Panels (a) and (b) of Fig. 1 show a schematic description of the region and a histogram of the nitrate concentration, respectively. As a result of simple exploratory data analysis, the histogram shows a non-Gaussian feature, but to explore more precisely, further investigation is needed. To that end, a simple regression model was fitted and other exploratory data analyses were pursued: normal QQ-plots as well as the Kolmogorov–Smirnov test for the normality of both the response and the residuals. The p-values obtained from two-sided Kolmogorov–Smirnov normality tests for both the response and the residuals are approximately \(2 \times {10^{ - 16}}\). The QQ-plot of the response variable in Panel (c) reveals significant deviation from normal behavior which was also confirmed by the QQ-plot of the residuals (not shown here). However, non-Gaussianity in purely spatial problems is, in general, very hard to assess because of having only one observation to work from. That is, in spatial problems we observe one observation \({\mathbf{Y}} \sim {N_n}\left( {{\varvec{\mu }},\Upsilon } \right) \) rather than independent observations from a Gaussian distribution. For more exploration, one way of assessing normality is to decorrelate the observations, e.g., to \({\mathbf{Y}}^*\), such that \({\mathbf{Y}}^* \sim {N_n}\left( {{\varvec{\mu }}^* ,I_n } \right) \), and then normality will be proven if the QQ-plot of the new residuals is normal (see “Appendix A”). Panel (d) confirms our previous result. Finally, we performed another initial exploratory analysis based on Haining’s method for outlier detection (Haining 1993). The last panel of Fig. 1 which indicates the upper and lower outlier bounds confirms the existence of (at least) one region in the space with larger observational variance relative to the rest.

Fig. 1
figure 1

Panel a shows the spatial locations of the water quality monitoring stations in the USA; the coordinates (latitude and longitude) are in decimal degrees. Panel b displays the histogram of the nitrate concentration and its kernel density estimate. Panels c and d show the normal QQ-plots of the nitrate concentration and the residuals of a simple regression based on the decorrelated data, respectively. Panel e displays the upper and lower outlier bounds based on Haining’s method.

Fig. 2
figure 2

Traces of \(10^4\) MCMC iterations (with a thinning 10) and a measure of effective sample size (ESS) after the burn-in period for the model parameters.

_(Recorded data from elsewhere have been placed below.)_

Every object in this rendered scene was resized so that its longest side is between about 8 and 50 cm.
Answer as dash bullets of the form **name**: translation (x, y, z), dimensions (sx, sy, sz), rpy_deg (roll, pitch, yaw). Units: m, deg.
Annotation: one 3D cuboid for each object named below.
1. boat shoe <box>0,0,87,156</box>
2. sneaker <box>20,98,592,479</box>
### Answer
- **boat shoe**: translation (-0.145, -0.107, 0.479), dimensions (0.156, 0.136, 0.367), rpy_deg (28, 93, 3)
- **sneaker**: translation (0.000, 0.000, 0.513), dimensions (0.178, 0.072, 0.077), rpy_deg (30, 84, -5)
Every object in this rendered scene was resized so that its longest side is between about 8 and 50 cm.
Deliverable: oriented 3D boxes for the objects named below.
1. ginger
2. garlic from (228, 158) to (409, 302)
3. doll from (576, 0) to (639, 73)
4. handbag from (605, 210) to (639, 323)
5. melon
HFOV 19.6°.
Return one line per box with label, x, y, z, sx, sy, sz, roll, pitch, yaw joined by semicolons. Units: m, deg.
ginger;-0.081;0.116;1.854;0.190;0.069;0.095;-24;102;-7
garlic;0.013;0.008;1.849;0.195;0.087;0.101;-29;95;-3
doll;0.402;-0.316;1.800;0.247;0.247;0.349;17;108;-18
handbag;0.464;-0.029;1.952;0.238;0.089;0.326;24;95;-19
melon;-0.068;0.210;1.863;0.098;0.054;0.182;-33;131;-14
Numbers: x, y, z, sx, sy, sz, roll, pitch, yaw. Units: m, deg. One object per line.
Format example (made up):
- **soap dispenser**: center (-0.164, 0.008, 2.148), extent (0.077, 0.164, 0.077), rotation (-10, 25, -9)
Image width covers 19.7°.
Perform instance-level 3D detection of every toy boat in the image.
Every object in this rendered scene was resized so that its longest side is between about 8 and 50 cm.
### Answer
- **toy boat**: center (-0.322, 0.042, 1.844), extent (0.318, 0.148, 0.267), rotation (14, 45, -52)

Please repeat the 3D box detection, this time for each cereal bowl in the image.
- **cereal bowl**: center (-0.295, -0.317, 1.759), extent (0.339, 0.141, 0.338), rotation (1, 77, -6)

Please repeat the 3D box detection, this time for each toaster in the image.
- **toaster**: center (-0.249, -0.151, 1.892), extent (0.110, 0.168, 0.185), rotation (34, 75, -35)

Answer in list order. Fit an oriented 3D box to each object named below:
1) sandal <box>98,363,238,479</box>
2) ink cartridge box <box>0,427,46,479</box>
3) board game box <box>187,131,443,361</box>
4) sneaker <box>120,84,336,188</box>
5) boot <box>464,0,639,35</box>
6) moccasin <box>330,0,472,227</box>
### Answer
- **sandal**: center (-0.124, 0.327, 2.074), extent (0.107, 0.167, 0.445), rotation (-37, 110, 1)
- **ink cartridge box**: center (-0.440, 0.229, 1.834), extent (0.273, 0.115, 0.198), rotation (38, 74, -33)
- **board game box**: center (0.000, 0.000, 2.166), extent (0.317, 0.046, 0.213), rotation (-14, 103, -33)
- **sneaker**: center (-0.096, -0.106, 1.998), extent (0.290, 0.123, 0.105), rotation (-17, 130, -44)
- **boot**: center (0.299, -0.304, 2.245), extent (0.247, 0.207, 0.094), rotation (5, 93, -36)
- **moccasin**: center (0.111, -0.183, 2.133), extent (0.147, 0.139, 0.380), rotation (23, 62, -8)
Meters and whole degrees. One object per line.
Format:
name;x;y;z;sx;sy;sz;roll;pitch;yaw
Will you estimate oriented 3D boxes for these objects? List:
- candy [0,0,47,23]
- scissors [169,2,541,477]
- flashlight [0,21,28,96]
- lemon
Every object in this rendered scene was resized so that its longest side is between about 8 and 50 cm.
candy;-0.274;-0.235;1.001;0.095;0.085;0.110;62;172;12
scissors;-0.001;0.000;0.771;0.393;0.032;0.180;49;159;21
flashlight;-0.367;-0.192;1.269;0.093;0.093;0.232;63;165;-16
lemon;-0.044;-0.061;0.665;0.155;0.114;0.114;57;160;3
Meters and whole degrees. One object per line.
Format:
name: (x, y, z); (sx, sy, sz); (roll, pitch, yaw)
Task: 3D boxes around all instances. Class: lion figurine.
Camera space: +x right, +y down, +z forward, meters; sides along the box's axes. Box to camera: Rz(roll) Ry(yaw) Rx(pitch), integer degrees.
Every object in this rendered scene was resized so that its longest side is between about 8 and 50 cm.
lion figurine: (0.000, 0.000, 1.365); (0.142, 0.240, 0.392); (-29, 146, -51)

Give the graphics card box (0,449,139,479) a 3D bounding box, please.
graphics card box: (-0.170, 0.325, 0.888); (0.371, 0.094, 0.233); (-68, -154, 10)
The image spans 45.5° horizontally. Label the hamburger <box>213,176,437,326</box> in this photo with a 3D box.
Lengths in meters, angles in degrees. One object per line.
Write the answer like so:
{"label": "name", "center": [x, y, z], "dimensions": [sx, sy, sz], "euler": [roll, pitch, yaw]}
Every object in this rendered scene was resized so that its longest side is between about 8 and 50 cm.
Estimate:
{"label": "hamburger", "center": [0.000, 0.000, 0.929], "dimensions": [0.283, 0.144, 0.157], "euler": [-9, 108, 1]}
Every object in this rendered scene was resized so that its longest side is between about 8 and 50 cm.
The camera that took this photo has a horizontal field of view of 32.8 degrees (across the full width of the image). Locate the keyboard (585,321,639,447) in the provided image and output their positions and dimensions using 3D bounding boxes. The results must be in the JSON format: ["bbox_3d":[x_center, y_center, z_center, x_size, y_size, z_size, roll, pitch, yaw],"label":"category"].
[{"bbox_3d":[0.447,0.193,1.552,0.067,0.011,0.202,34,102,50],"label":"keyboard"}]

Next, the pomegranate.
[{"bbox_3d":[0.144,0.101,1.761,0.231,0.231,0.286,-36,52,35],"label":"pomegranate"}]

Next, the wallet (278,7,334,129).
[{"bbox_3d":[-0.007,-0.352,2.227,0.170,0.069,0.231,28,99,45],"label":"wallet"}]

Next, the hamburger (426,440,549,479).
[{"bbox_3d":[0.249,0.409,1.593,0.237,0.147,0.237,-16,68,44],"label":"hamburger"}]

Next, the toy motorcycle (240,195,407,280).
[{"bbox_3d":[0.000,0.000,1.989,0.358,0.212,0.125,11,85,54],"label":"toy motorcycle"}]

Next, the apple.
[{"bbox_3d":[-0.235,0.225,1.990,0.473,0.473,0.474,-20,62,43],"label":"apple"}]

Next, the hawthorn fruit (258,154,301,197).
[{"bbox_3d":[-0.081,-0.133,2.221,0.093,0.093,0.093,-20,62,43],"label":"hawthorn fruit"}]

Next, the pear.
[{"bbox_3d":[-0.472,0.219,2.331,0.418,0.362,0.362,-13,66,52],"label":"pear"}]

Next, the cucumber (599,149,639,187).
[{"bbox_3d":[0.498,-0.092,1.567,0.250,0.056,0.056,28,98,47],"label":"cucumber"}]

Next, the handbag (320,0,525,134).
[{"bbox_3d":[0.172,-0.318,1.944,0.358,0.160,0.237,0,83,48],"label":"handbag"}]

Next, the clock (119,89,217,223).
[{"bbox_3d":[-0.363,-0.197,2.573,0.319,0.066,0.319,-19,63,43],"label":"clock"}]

We will propose a GLG spatial model which relax the assumption that covariates are observed without ME and also allow us to accommodate and identify observations that have extreme values compared to their neighboring observation under a Gaussian process. Our approach leads to a non-Gaussian covariate-dependent spatial ME model for analyzing BSD. Specifically, we accommodate covariate ME in a non-Gaussian spatial model and incorporate covariate information (ME variance) into the spatial covariance structure. We also address computational issues related to non-Gaussian BSD (which is also not addressed in the literature, as far as we are aware) by modifying the BSS method. The organization of the paper is as follows: After describing our proposed model and its properties (Sect. 2), in Sect. 3, we describe the inference procedure and discuss prior specification for the proposed model parameters. An analysis of synthetic data is presented in Sect. 4. Section 5 illustrates the implementation of our model to analyze the nitrate concentration presented in Sect. 1.1. The article ends with a conclusion section.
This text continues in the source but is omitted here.